A Devil's Bride
Chapter 15: Heretic
Horror Sex Story: Chapter 15: Heretic - Orpheia, a rare, visually tantalizing creature, has ensnared the attention of a tyrant king whose bloodline is responsible for the slaughtering of Orpheia’s people. Forced to choose between marrying the king and losing the lives of her beloved people, Orpheia calls upon the power of Hell to gain the upper hand. Inspired by Frankenstein, Carmilla, and all things Halloween, this gothic novel is sure to satiate those who crave brutal, bloody romance.

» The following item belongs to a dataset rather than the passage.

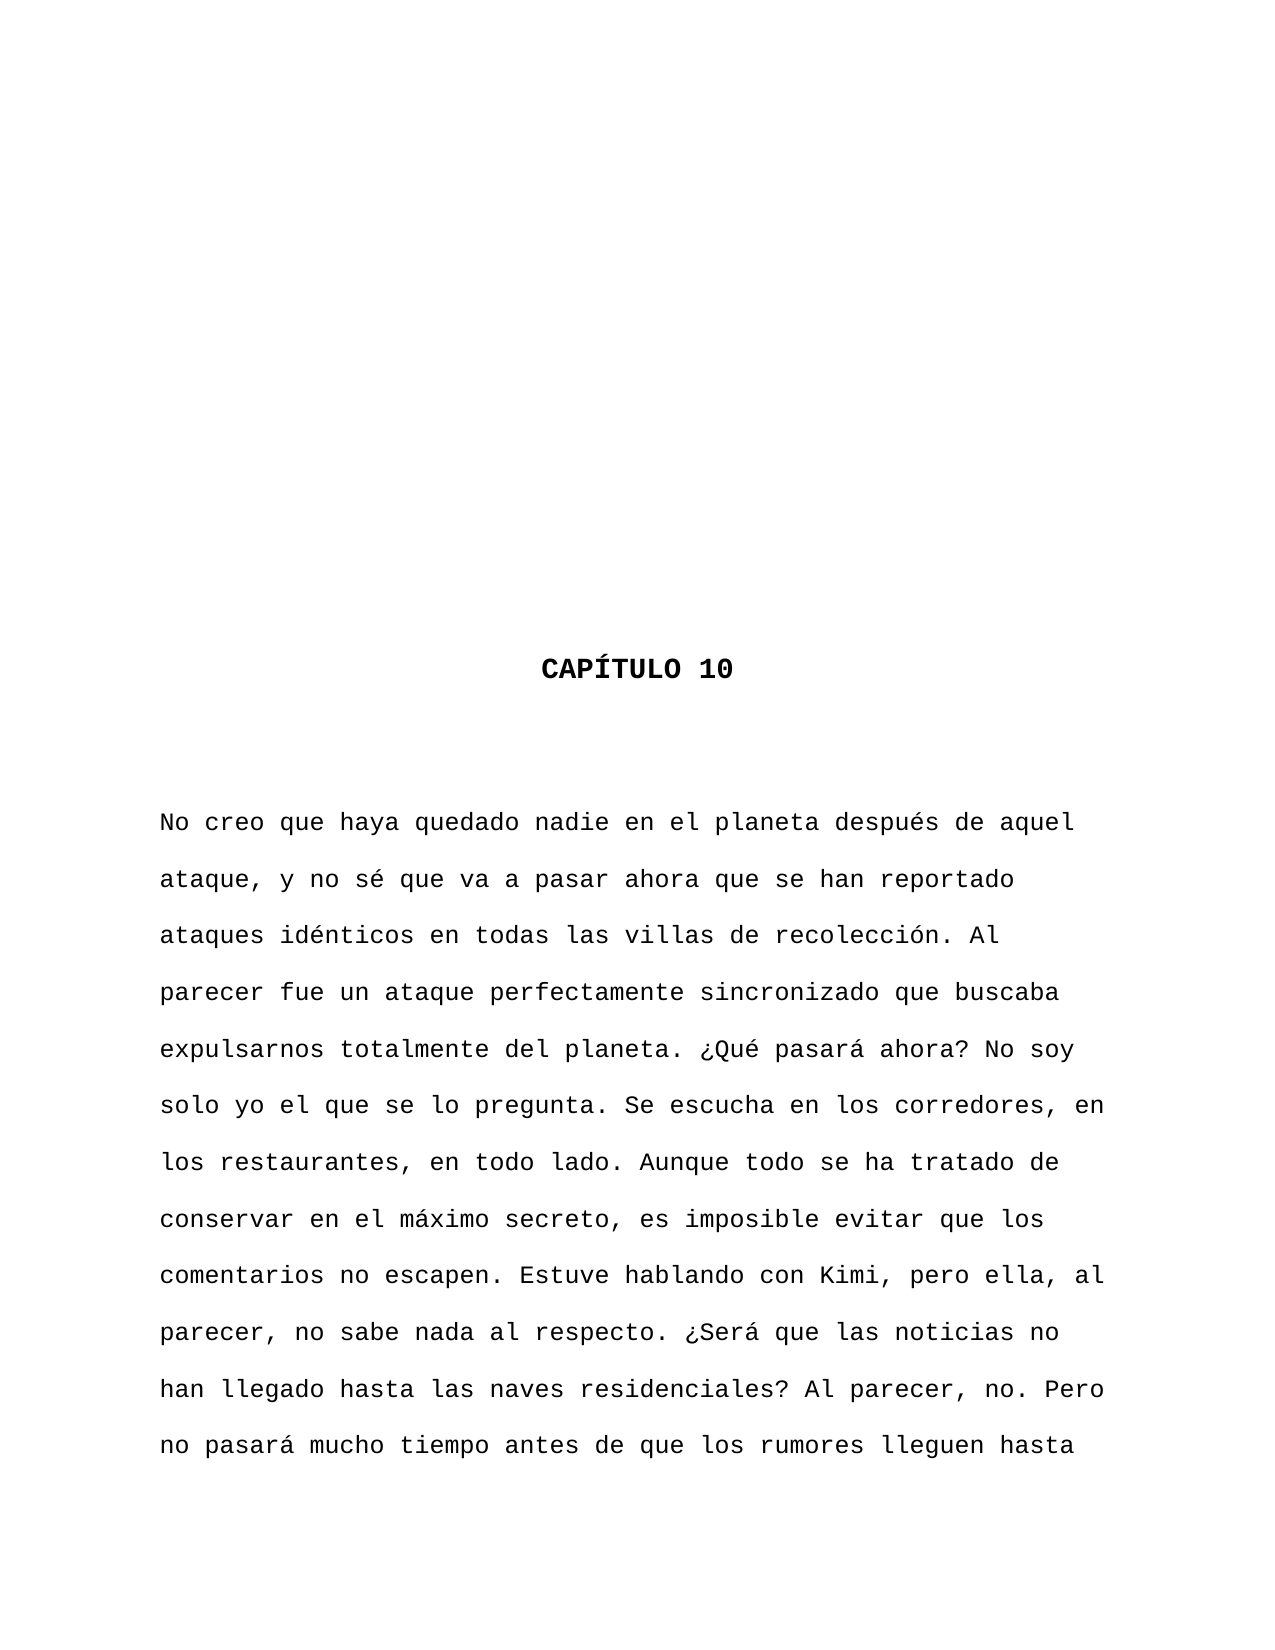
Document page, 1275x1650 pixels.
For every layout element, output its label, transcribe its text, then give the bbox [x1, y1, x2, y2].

text No creo que haya quedado nadie en el planeta después de aquel ataque, y no sé que va a pasar ahora que se han reportado ataques idénticos en todas las villas de recolección. Al parecer fue un ataque perfectamente sincronizado que buscaba expulsarnos totalmente del planeta. ¿Qué pasará ahora? No soy solo yo el que se lo pregunta. Se escucha en los corredores, en los restaurantes, en todo lado. Aunque todo se ha tratado de conservar en el máximo secreto, es imposible evitar que los comentarios no escapen. Estuve hablando con Kimi, pero ella, al parecer, no sabe nada al respecto. ¿Será que las noticias no han llegado hasta las naves residenciales? Al parecer, no. Pero no pasará mucho tiempo antes de que los rumores lleguen hasta [159, 809, 1116, 1461]
title Capítulo 10 [150, 654, 1125, 687]

Caution: This Horror Sex Story contains strong sexual content, including Ma/Fa Fa/Fa Hypnosis NonConsensual Romantic Lesbian Shemale Paranormal Ghost Magic Demons Humiliation Light Bond Size Caution Halloween Royalty
Orpheia had not been permitted inside the grand basilica of Sol, as she was still an unclean woman. To rectify this, two iron spikes had been struck into the steps that led to the front doors, where Orpheia’s wrists were stretched apart by shackles and short, iron chains. She had been stripped nude and forced to take a knee before the holy structure. It was a behemoth of a building, with sharp edges and a daunting aura. The basilica was as long as it was tall, with several extravagant levels surrounding a fattened sanctuary that was closed in on the outside by several flying buttresses, appearing as a ribcage of stone around the church’s beating, soulless heart. The teeth of the jagged limestone beneath Orpheia chewed through her skin with each strike of the priest’s flogger until her knees were raw and bloody. The tool was far less forgiving than the leather-clad version Meyrick had teased her with. The priest’s had been blessed and was embedded with shards of crystal and glass, which made quick work of peeling away Orpheia’s backside. As midnight turned to dawn, the basilica’s steps were drenched in blood. Orpheia’s screams could be heard up and down the lengths of the kingdom’s streets. Yet there were no onlookers, for Father Grimshaw had ordered the royal guards to prevent the people from accessing Sol’s grand judgment. Perhaps a prying eye or two had made it past the barricade of armored men.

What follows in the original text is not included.